MATERIALS PROVIDED START

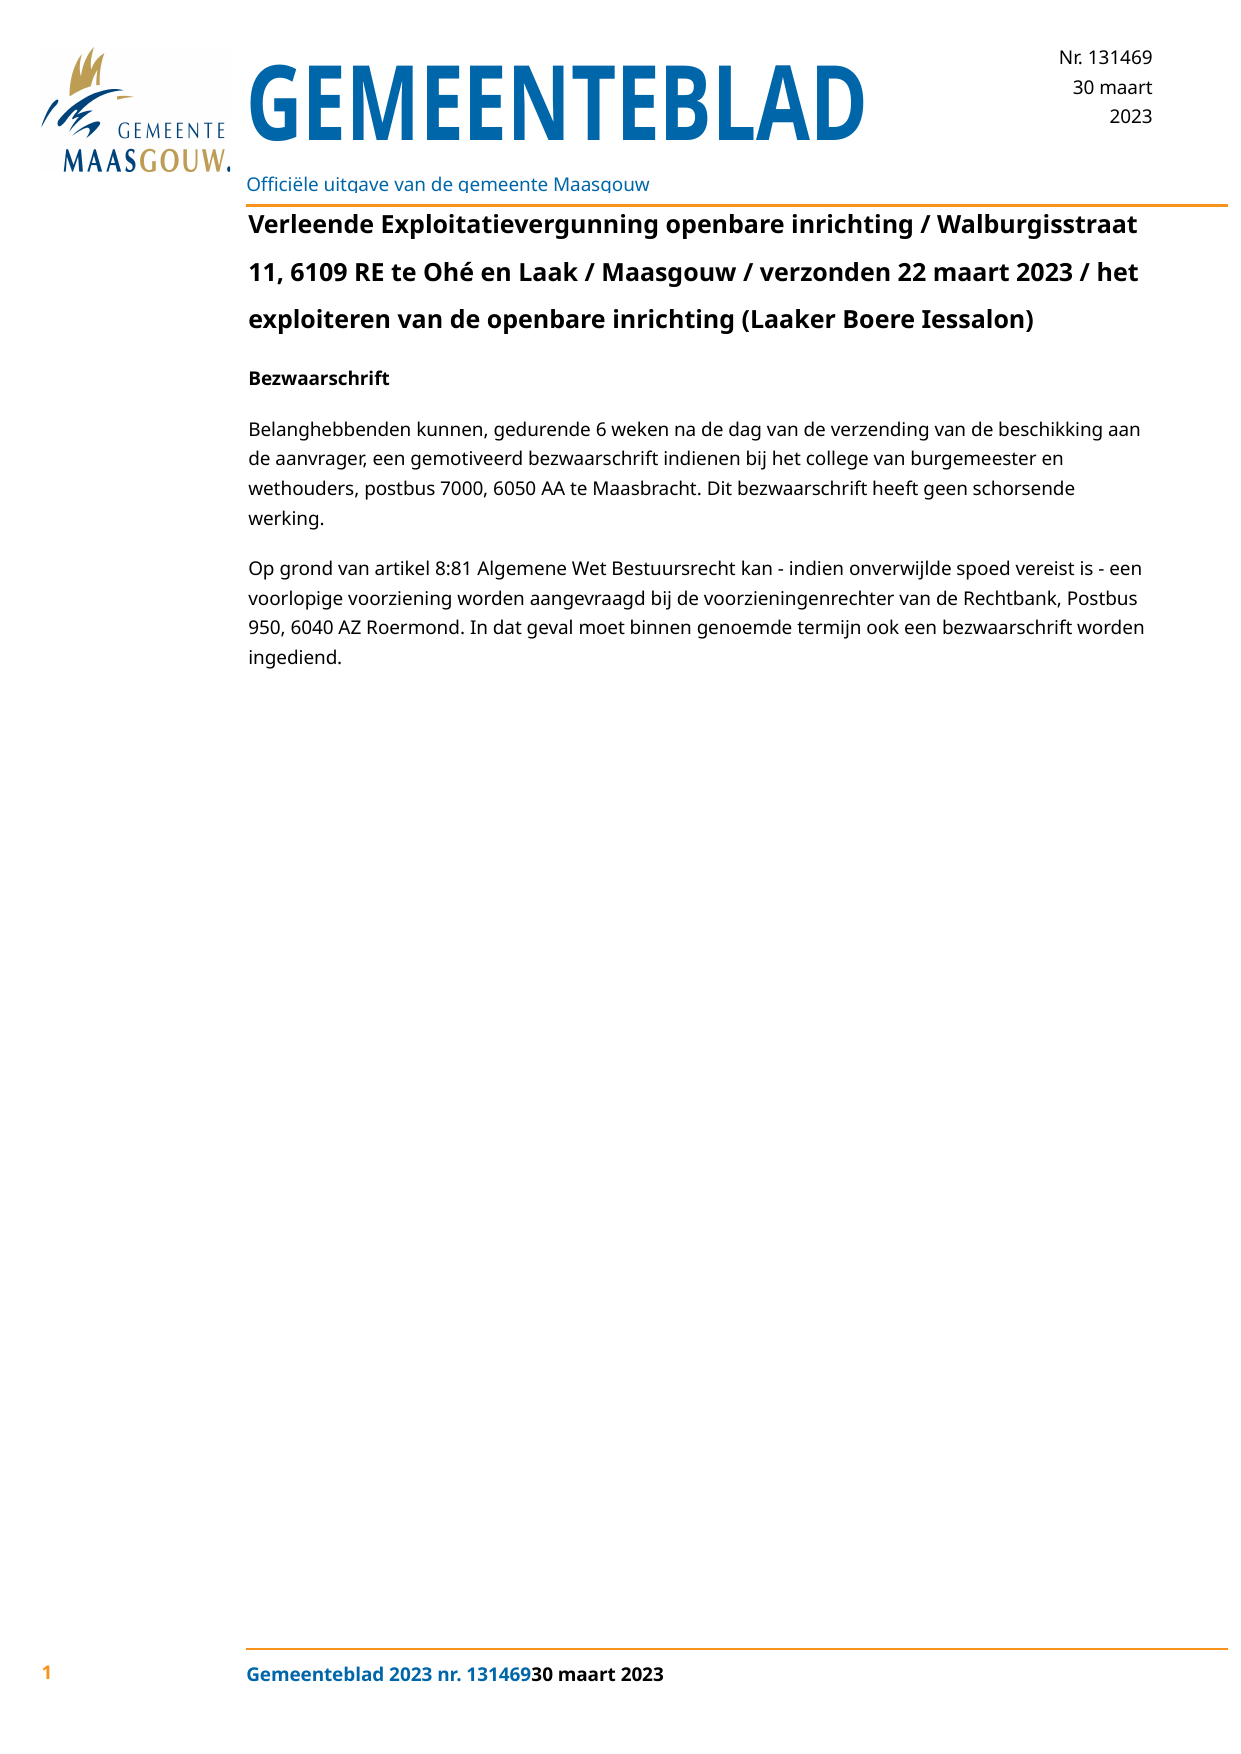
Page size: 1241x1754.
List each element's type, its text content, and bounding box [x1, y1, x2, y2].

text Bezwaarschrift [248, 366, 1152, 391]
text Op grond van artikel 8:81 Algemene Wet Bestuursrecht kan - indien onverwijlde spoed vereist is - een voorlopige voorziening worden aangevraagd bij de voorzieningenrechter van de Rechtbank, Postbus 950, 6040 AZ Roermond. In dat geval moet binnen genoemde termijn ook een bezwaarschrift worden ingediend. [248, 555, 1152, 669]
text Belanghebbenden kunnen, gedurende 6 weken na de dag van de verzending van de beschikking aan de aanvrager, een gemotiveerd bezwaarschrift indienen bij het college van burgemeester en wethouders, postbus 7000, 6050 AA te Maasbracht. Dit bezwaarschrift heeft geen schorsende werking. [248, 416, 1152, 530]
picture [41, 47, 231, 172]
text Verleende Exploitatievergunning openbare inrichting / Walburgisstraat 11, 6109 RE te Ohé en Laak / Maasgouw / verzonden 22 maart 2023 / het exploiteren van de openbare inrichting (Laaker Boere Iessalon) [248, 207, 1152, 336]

MATERIALS PROVIDED END

■ WHAT IS BEING ASKED:
Every line above should be copied exactly, apart from any pictures.

■ ANSWER SECTION:
Page size: 1241x1754.
List each element's type, its text content, and bounding box [x1, y1, x2, y2].

text Bezwaarschrift [248, 366, 1152, 391]
text Op grond van artikel 8:81 Algemene Wet Bestuursrecht kan - indien onverwijlde spoed vereist is - een voorlopige voorziening worden aangevraagd bij de voorzieningenrechter van de Rechtbank, Postbus 950, 6040 AZ Roermond. In dat geval moet binnen genoemde termijn ook een bezwaarschrift worden ingediend. [248, 555, 1152, 669]
text Belanghebbenden kunnen, gedurende 6 weken na de dag van de verzending van de beschikking aan de aanvrager, een gemotiveerd bezwaarschrift indienen bij het college van burgemeester en wethouders, postbus 7000, 6050 AA te Maasbracht. Dit bezwaarschrift heeft geen schorsende werking. [248, 416, 1152, 530]
picture [41, 47, 231, 172]
text Verleende Exploitatievergunning openbare inrichting / Walburgisstraat 11, 6109 RE te Ohé en Laak / Maasgouw / verzonden 22 maart 2023 / het exploiteren van de openbare inrichting (Laaker Boere Iessalon) [248, 207, 1152, 336]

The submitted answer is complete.